- [Work instructions]:
For the entries below, the result should be an exact transcription of the lines from the one with "8. lowest point CH2 reaches (round to 200 mV)" up to and including the one with "11. trigger slope (rising or falling)", and only those.

- [Material for the task]:

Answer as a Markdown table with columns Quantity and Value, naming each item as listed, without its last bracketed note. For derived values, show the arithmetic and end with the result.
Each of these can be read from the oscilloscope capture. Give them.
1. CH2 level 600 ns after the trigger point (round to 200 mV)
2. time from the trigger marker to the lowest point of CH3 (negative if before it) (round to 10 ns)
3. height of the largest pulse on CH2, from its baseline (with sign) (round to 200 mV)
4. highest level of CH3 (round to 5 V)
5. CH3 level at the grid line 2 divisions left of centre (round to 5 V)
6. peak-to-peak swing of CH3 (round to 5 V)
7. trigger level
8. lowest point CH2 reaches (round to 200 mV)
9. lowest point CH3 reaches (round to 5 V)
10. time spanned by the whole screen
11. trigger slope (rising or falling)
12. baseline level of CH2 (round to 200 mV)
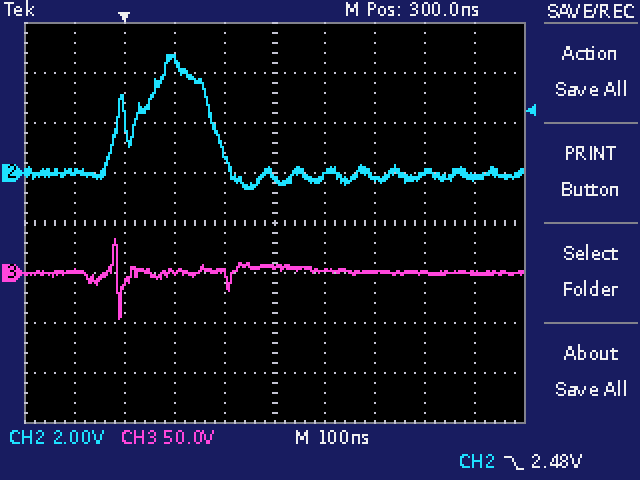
| Quantity | Value |
|---|---|
| CH2 level 600 ns after the trigger point | 0.0 V |
| time from the trigger marker to the lowest point of CH3 (negative if before it) | -10 ns |
| height of the largest pulse on CH2, from its baseline (with sign) | +4.8 V |
| highest level of CH3 | 35 V |
| CH3 level at the grid line 2 divisions left of centre | 0 V |
| peak-to-peak swing of CH3 | 35 V − (-45 V) = 80 V |
| trigger level | 2.48 V |
| lowest point CH2 reaches | -600 mV |
| lowest point CH3 reaches | -45 V |
| time spanned by the whole screen | 1 µs |
| trigger slope | falling |
| baseline level of CH2 | 0.0 V |
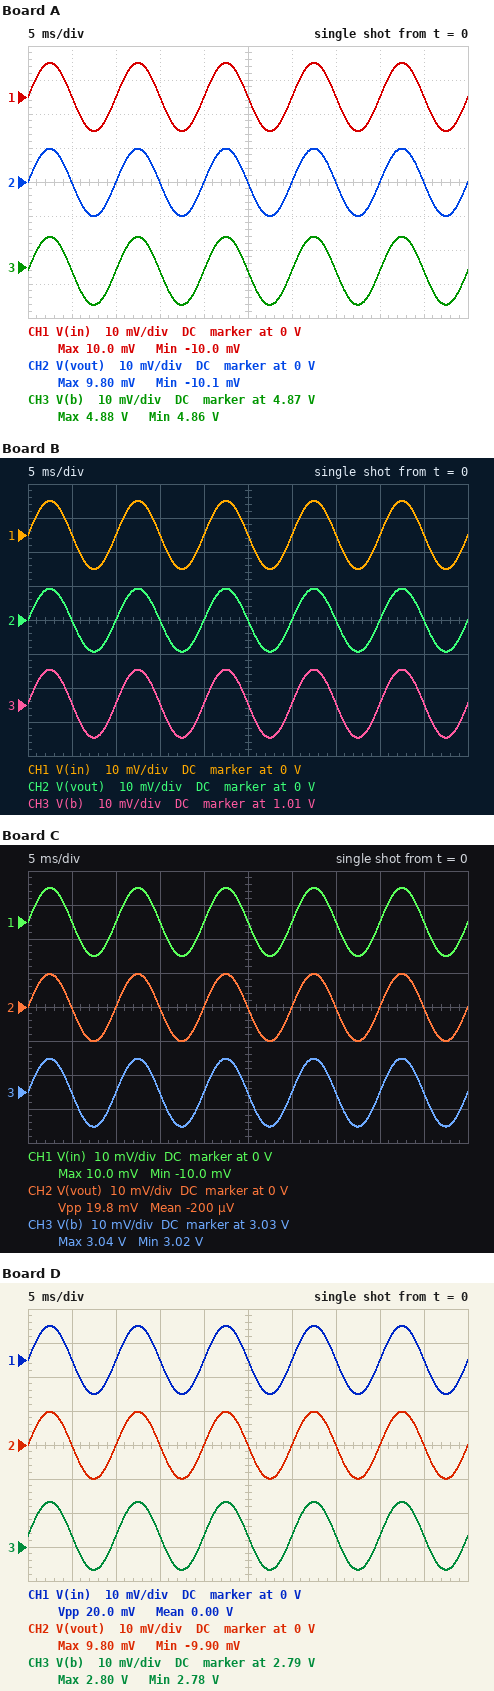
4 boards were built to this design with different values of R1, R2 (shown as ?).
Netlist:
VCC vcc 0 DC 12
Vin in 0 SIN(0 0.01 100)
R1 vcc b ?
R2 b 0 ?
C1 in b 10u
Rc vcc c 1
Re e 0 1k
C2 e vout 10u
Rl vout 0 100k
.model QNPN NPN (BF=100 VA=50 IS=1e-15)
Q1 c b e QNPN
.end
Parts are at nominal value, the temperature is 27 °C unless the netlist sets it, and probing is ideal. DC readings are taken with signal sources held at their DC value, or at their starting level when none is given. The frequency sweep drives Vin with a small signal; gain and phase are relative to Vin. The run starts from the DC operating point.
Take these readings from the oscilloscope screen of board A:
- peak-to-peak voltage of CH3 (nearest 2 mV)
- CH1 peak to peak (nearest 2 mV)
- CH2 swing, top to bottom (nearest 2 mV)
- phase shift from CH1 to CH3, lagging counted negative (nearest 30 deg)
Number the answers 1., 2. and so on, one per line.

- [Problem solution]:
8. lowest point CH2 reaches (round to 200 mV)
9. lowest point CH3 reaches (round to 5 V)
10. time spanned by the whole screen
11. trigger slope (rising or falling)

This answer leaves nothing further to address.